The melting-curve analysis of DNA is a challenge since amplicons resolution on Tm is not exquisite on most real-time PCR machines when using SYBR Green. At least 1°C difference between unmethylated and methylated amplicons is required for a duplex MS-PCR. Indeed, because SYBR Green is not used at a saturating concentration that would inhibit PCR, fluorescent melt curves obtained are small and poorly resolved. On some real-time PCR machines, high resolution melt-curve analysis can be carried out using saturating cyto 9 as the DNA-intercalating dye, but in that case resolution is too exquisite and PCR unfinished amplicons give shoulder peaks that are undistinguishable from misprimed amplicons.

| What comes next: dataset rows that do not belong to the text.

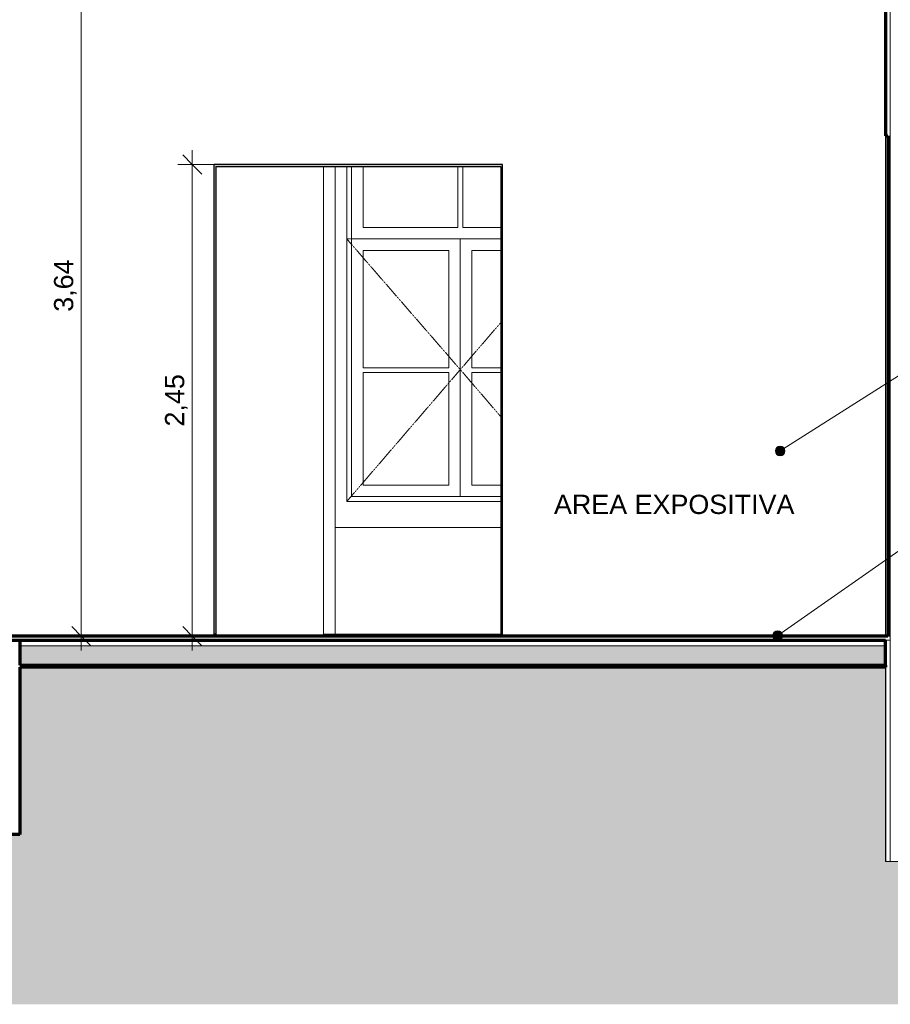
# Model space of a CAD drawing. Header units: millimetres. Extents: x -31894 to 53578, y -2162 to 8674.
# Tile 11 of 31: x -1501 to 3024, y -882 to 4233. Entities that reach past the tile are written whole.
import ezdxf

# ---------------------------------------------------------------- set-up
doc = ezdxf.new("R2010")
doc.units = ezdxf.units.MM
doc.linetypes.add('_Tracejado pequeno', pattern=[2.25, 1.5, -0.75])
for name, color, linetype, lineweight in [('A-ANNO-DIMS', 211, 'Continuous', 9), ('A-ANNO-DIMS-50', 211, 'Continuous', 9), ('A-DOOR', 31, 'Continuous', 18), ('A-FLOR', 192, 'Continuous', 18), ('A-FLOR-MCUT', 51, 'Continuous', 18), ('A-FLOR-PATT', 8, 'Continuous', 25), ('A-GLAZ', 151, 'Continuous', 18), ('A-GLAZ-HDLN', 1, '_Tracejado pequeno', 18), ('A-WALL', 113, 'Continuous', 18), ('G-ANNO-TEXT', 231, 'Continuous', 9)]:
    doc.layers.add(name, color=color, linetype=linetype, lineweight=lineweight)
doc.styles.add('Arial_3', font='arial.ttf', dxfattribs={"height": 100})
doc.dimstyles.new('Diagonal_-_2_0mm_Arial', dxfattribs={"dimscale": 304.8, "dimtxt": 102.02594, "dimasz": 0.328084, "dimexe": 0.246063, "dimexo": 0.0625, "dimgap": 0.024606, "dimtad": 1, "dimlfac": 0.001, "dimrnd": 0.01, "dimzin": 0, "dimdsep": 46, "dimtxsty": 'Arial_3', "dimblk1": 'OBLIQUE', "dimblk2": 'OBLIQUE', "dimsah": 1, "dimcen": 0.09, "dimdle": 0.246063, "dimadec": 0, "dimazin": 0, "dimtfac": 1, "dimtdec": 4, "dimtix": 1, "dimtmove": 0, "dimatfit": 3, "dimfxl": 0.492126, "dimfxlon": 1, "dimtvp": 1, "dimtolj": 1, "dimtzin": 0, "dimarcsym": 2})

# ---------------------------------------------------------------- blocks, each defined once
blk = doc.blocks.new('Window_CV - Window_CV - 1 divisão-V3-CORTE A - MANTER _ CONSTRUIR')
at = {"layer": 'A-GLAZ'}
for p, q in [((198.9, 1730), (198.9, 3470)), ((198.9, 3470), (198.9, 1730)), ((223.9, 1755), (223.9, 3470)), ((283.9, 3154), (283.9, 3470)), ((776.4, 3470), (776.4, 3154)), ((801.4, 3154), (801.4, 3470)), ((776.4, 3154), (283.9, 3154)), ((998.9, 3154), (801.4, 3154)), ((223.9, 3094), (998.9, 3094)), ((788.9, 3094), (223.9, 3094)), ((998.9, 3094), (788.9, 3094)), ((788.9, 3094), (788.9, 1755)), ((788.9, 1755), (788.9, 3094)), ((283.9, 2424.5), (283.9, 3034)), ((283.9, 3034), (728.9, 3034)), ((728.9, 3034), (728.9, 2424.5)), ((848.9, 2424.5), (848.9, 3034)), ((848.9, 3034), (998.9, 3034)), ((728.9, 2424.5), (283.9, 2424.5)), ((998.9, 2424.5), (848.9, 2424.5)), ((283.9, 1815), (283.9, 2399.5)), ((283.9, 2399.5), (728.9, 2399.5)), ((728.9, 2399.5), (728.9, 1815)), ((848.9, 2399.5), (998.9, 2399.5)), ((848.9, 1815), (848.9, 2399.5)), ((728.9, 1815), (283.9, 1815)), ((998.9, 1815), (848.9, 1815)), ((998.9, 1755), (223.9, 1755)), ((998.9, 1730), (198.9, 1730)), ((198.9, 1730), (998.9, 1730))]:
    blk.add_line(p, q, dxfattribs=at)
at = {"layer": 'A-GLAZ-HDLN'}
for p, q in [((198.9, 3094), (998.9, 3094)), ((198.9, 3094), (788.9, 2415)), ((788.9, 2415), (998.9, 2658.8)), ((788.9, 2415), (198.9, 1730)), ((998.9, 2171.2), (788.9, 2415))]:
    blk.add_line(p, q, dxfattribs=at)
blk = doc.blocks.new('porta - vão e guarnição metálica - porta - vão e guarnição metálica-4361985-CORTE A - MANTER _ CONSTRUIR')
at = {"layer": 'A-DOOR', "lineweight": 25}
blk.add_hatch(color=254, dxfattribs=at).paths.add_polyline_path([(998.9, 1040.7), (1008.9, 1040.7), (1008.9, 3480), (-491.1, 3480), (-491.1, 1040.7), (-481.1, 1040.7), (-481.1, 3470), (998.9, 3470), (998.9, 1045)], flags=0)
at = {"layer": 'A-DOOR', "color": 5, "lineweight": 25}
for p, q in [((-491.1, 1040.7), (-491.1, 3480)), ((1008.9, 3480), (-491.1, 3480)), ((1008.9, 1040.7), (1008.9, 3480)), ((-481.1, 3470), (-481.1, 1040.7)), ((-481.1, 3470), (998.9, 3470)), ((998.9, 3470), (998.9, 1040.7)), ((-481.1, 1040.7), (-491.1, 1040.7)), ((998.9, 1040.7), (1008.9, 1040.7))]:
    blk.add_line(p, q, dxfattribs=at)
blk = doc.blocks.new('DIMBLOCK5-CORTE A - MANTER _ CONSTRUIR')
at = {"layer": 'A-ANNO-DIMS-50', "lineweight": 18}
for p, q in [((-1180.8, 4671.9), (-1230.8, 4721.9)), ((-1180.8, 4671.9), (-1130.8, 4621.9)), ((-1180.8, 1030), (-1230.8, 1080)), ((-1180.8, 1030), (-1130.8, 980))]:
    blk.add_line(p, q, dxfattribs=at)
at = {"layer": 'A-ANNO-DIMS-50'}
for p, q in [((-1180.8, 4746.9), (-1180.8, 955)), ((-1030.8, 4671.9), (-1255.8, 4671.9)), ((-1180.8, 4671.9), (-1030.8, 4671.9)), ((-1030.8, 1030), (-1255.8, 1030)), ((-1180.8, 1030), (-1030.8, 1030))]:
    blk.add_line(p, q, dxfattribs=at)
at = {"layer": 'A-ANNO-DIMS-50', "color": 0, "insert": (-1322.8, 2715.3), "char_height": 100, "width": 325.653, "attachment_point": 1, "rotation": 90, "line_spacing_factor": 0.941778, "style": 'Arial_3'}
blk.add_mtext('3,64', dxfattribs=at)
blk = doc.blocks.new('_Oblique')
at = {"color": 0, "linetype": 'ByBlock', "lineweight": -2}
blk.add_line((-0.5, -0.5), (0.5, 0.5), dxfattribs=at)
blk = doc.blocks.new('DIMBLOCK6-CORTE A - MANTER _ CONSTRUIR')
at = {"layer": 'A-ANNO-DIMS-50', "lineweight": 18}
for p, q in [((-603.9, 3480), (-653.9, 3530)), ((-603.9, 3480), (-553.9, 3430)), ((-603.9, 1030), (-653.9, 1080)), ((-603.9, 1030), (-553.9, 980))]:
    blk.add_line(p, q, dxfattribs=at)
at = {"layer": 'A-ANNO-DIMS-50'}
for p, q in [((-603.9, 3555), (-603.9, 955)), ((-453.9, 3480), (-678.9, 3480)), ((-603.9, 3480), (-453.9, 3480)), ((-453.9, 1030), (-678.9, 1030)), ((-603.9, 1030), (-453.9, 1030))]:
    blk.add_line(p, q, dxfattribs=at)
at = {"layer": 'A-ANNO-DIMS-50', "color": 0, "insert": (-745.9, 2119.3), "char_height": 100, "width": 325.653, "attachment_point": 1, "rotation": 90, "line_spacing_factor": 0.941778, "style": 'Arial_3'}
blk.add_mtext('2,45', dxfattribs=at)

msp = doc.modelspace()

# ---------------------------------------------------------------- hatches: boundary and pattern name
at = {"layer": 'A-FLOR-PATT', "lineweight": 18}
h = msp.add_hatch(dxfattribs=at)
h.set_pattern_fill('FP_2', color=256, style=0, pattern_type=2)
h.set_pattern_definition([(50, (-13711.87, 3294.04), (364.368, -31.8783), [38.1, -419.1]), (355, (-13711.87, 3294.04), (-70.486, 382.113), [30.48, -335.28]), (100.451, (-13681.5, 3291.38), (293.885, 350.2334), [32.38, -356.18]), (46.184, (-13711.87, 3395.64), (542.158, -84.086), [57.15, -628.65]), (96.636, (-13666.7, 3388.63), (474.805, 494.855), [48.57, -534.27]), (351.184, (-13711.87, 3395.64), (474.81, 494.85), [45.72, -502.92]), (21, (-13661.07, 3370.24), (303.2285, -204.5305), [38.1, -419.1]), (326, (-13661.07, 3370.24), (123.604, 368.376), [30.48, -335.28]), (71.451, (-13635.8, 3353.2), (426.834, 163.843), [32.38, -356.18]), (37.5, (-13711.87, 3294.04), (6.1766, 169.1102), [16.764, -314.452, 16.764, -323.596, -336.55]), (37.5, (-13711.87, 3294.04), (6.1766, 169.1102), [-671.576, 16.764, -319.786]), (7.5, (-13711.87, 3294.04), (133.6389, 200.3615), [16.764, -177.292, 16.764, -306.832, -128.27]), (7.5, (-13711.87, 3294.04), (133.6389, 200.3615), [-517.652, 16.764, -111.506]), (327.5, (-13825.16, 3294.04), (271.1818, -11.4584), [16.764, -110.236, 16.764, -905.256]), (327.5, (-13825.16, 3294.04), (271.1818, -11.4584), [-143.764, -379.476, 16.764, -509.016]), (317.5, (-13875.95, 3294.04), (296.2585, 50.853), [16.764, -148.336, 16.764, -246.38, -373.38]), (317.5, (-13875.95, 3294.04), (296.2585, 50.853), [-428.244, 16.764, -356.616])])
h.paths.add_polyline_path([(-1093.198, 880), (2998.885, 880), (2998.885, 980), (-1501.115, 980), (-1501.115, 880), (-1383.768, 880)], flags=0)
h.paths.add_polyline_path([(-6323.466, 880), (-1701.115, 880), (-1701.115, 980), (-6421.115, 980), (-6421.115, 880)], flags=0)
h = msp.add_hatch(dxfattribs=at)
h.set_pattern_fill('FP_3', color=256, style=0, pattern_type=2)
h.set_pattern_definition([(0, (-13711.87, 3294.04), (317.5, 317.5), [317.5, -317.5]), (0, (-13711.87, 3413.1), (317.5, 317.5), [317.5, -317.5]), (0, (-13711.87, 3532.16), (317.5, 317.5), [317.5, -317.5]), (90, (-13672.18, 3571.85), (-317.5, 317.5), [317.5, -317.5]), (90, (-13553.12, 3571.85), (-317.5, 317.5), [317.5, -317.5]), (90, (-13434.06, 3571.85), (-317.5, 317.5), [317.5, -317.5])])
h.paths.add_polyline_path([(-29965.917, -882.278), (3348.885, -882.278), (3348.885, -140), (2998.885, -140), (2998.885, 870), (-1501.115, 870), (-1501.115, 0), (-1701.115, 0), (-1701.115, 870), (-6421.115, 870), (-6421.115, 0), (-6771.115, 0), (-6771.115, 870), (-10271.115, 870), (-10271.115, 0), (-10621.115, 0), (-10621.115, 870), (-17691.115, 870), (-17691.115, 0), (-18041.115, 0), (-18041.115, 870), (-21831.115, 870), (-21831.115, 0), (-22181.115, 0), (-22181.115, 870), (-27281.115, 870), (-27281.115, 0), (-27631.115, 0), (-27631.115, 870), (-29821.115, 870), (-29821.115, -500), (-30071.115, -500), (-30071.115, -882.278), (-29966.969, -882.278)], flags=0)
at = {"layer": 'G-ANNO-TEXT'}
h = msp.add_hatch(color=250, dxfattribs=at)
edge = h.paths.add_edge_path(flags=0)
edge.add_arc((2451.465, 1992.202), 25, 0, 360)
h = msp.add_hatch(color=250, dxfattribs=at)
edge = h.paths.add_edge_path(flags=0)
edge.add_arc((2438.67, 1032.86), 25, 0, 360)

# ---------------------------------------------------------------- linework, layer by layer
at = {"layer": 'A-FLOR', "lineweight": 70}
for p, q in [((3011.39, 1030), (-6746.115, 1030)), ((-6421.115, 1010), (2998.885, 1010)), ((-1501.115, 1010), (-1501.115, 880)), ((2998.885, 880), (2998.885, 1010)), ((-1501.115, 880), (2998.885, 880)), ((2998.885, 870), (-1501.115, 870)), ((-1501.115, 870), (-1501.115, 0)), ((-1501.115, 0), (-1701.115, 0))]:
    msp.add_line(p, q, dxfattribs=at)
at = {"layer": 'A-FLOR-MCUT'}
msp.add_line((2998.885, 980), (-1501.115, 980), dxfattribs=at)
at = {"layer": 'A-WALL', "lineweight": 70}
for p, q in [((2998.885, 5328.7), (2998.885, 3630)), ((2998.885, 3630), (3011.39, 3630)), ((3011.39, 3630), (3011.39, 1030)), ((2998.885, 880), (2998.885, 870))]:
    msp.add_line(p, q, dxfattribs=at)
at = {"layer": 'A-WALL'}
for p, q in [((3001.385, 3630), (3001.385, 5328.7)), ((3023.885, -140), (3023.885, 5328.7)), ((2998.885, 1030), (2998.885, 3630)), ((77.635, 1040), (77.635, 3470)), ((138.885, 3470), (138.885, 1040)), ((138.885, 1594), (998.885, 1594)), ((-491.115, 1030), (-491.115, 1040.672)), ((1008.885, 1040), (77.635, 1040)), ((1008.885, 1040.672), (1008.885, 1030)), ((3011.39, 1030), (3023.885, 1030)), ((3023.885, 1010), (2998.885, 1010)), ((3001.385, -140), (3001.385, 1010)), ((2998.885, 870), (2998.885, -140)), ((2998.885, -140), (3348.885, -140))]:
    msp.add_line(p, q, dxfattribs=at)
at = {"layer": 'G-ANNO-TEXT', "color": 250}
for p, q in [((2451.465, 1992.202), (3677.51, 2771.955)), ((2438.67, 1032.86), (3677.51, 1901.79))]:
    msp.add_line(p, q, dxfattribs=at)
for centre in [(2451.465, 1992.202), (2438.67, 1032.86)]:
    msp.add_circle(centre, 25, dxfattribs=at)

# ---------------------------------------------------------------- block references
at = {"layer": 'A-DOOR', "color": 5, "lineweight": 25}
msp.add_blockref('porta - vão e guarnição metálica - porta - vão e guarnição metálica-4361985-CORTE A - MANTER _ CONSTRUIR', (0, 0), dxfattribs=at)
at = {"layer": 'A-GLAZ'}
msp.add_blockref('Window_CV - Window_CV - 1 divisão-V3-CORTE A - MANTER _ CONSTRUIR', (0, 0), dxfattribs=at)

# ---------------------------------------------------------------- texts
at = {"layer": 'G-ANNO-TEXT', "color": 7, "insert": (1275.707, 1764.933), "char_height": 100, "width": 1551.26531, "attachment_point": 1, "style": 'Arial_3'}
msp.add_mtext('AREA EXPOSITIVA', dxfattribs=at)

# ---------------------------------------------------------------- dimensions: what is measured, and where the dimension line sits
at = {"layer": 'A-ANNO-DIMS'}
for base, p1, p2, override, picture, middle in [((-1180.785, 1030), (-1030.785, 4671.934), (-1030.785, 1030), {"dimpost": '<>', "dimfxl": 3641.933839}, 'DIMBLOCK5-CORTE A - MANTER _ CONSTRUIR', (-1239.376, 2850.967)), ((-603.892, 1030), (-453.892, 3480), (-453.892, 1030), {"dimpost": '<>', "dimfxl": 2450}, 'DIMBLOCK6-CORTE A - MANTER _ CONSTRUIR', (-662.449, 2255))]:
    dim = msp.add_linear_dim(base=base, p1=p1, p2=p2, angle=90, dimstyle='Diagonal_-_2_0mm_Arial', override=override, dxfattribs=at)
    dim.commit()
    dim.dimension.update_dxf_attribs({"geometry": picture, "text_midpoint": middle})

doc.saveas('drawing.dxf')

In order to acquire correct methylation detection by melting-curve analysis, certain parameters should be taken into consideration. Firstly, the bisulfite reaction needs long incubation, high temperature, and high molar concentration of sodium bisulfite for complete conversion of cytosine residues to uracil.13 Otherwise incomplete conversion could lead to false positive results with appropriate design of PCR primers also being crucial.14
There are currently many different approaches to generate DNA methylation data. Methylation-specific real-time quantitative PCR has proven the most effective in detecting the methylation level of a single cytosine. In combination with sequencing and array-based approaches, elucidation of epigenetic mechanisms will comprise a valuable tool for identification of biomarkers to assist in cancer diagnosis and treatment.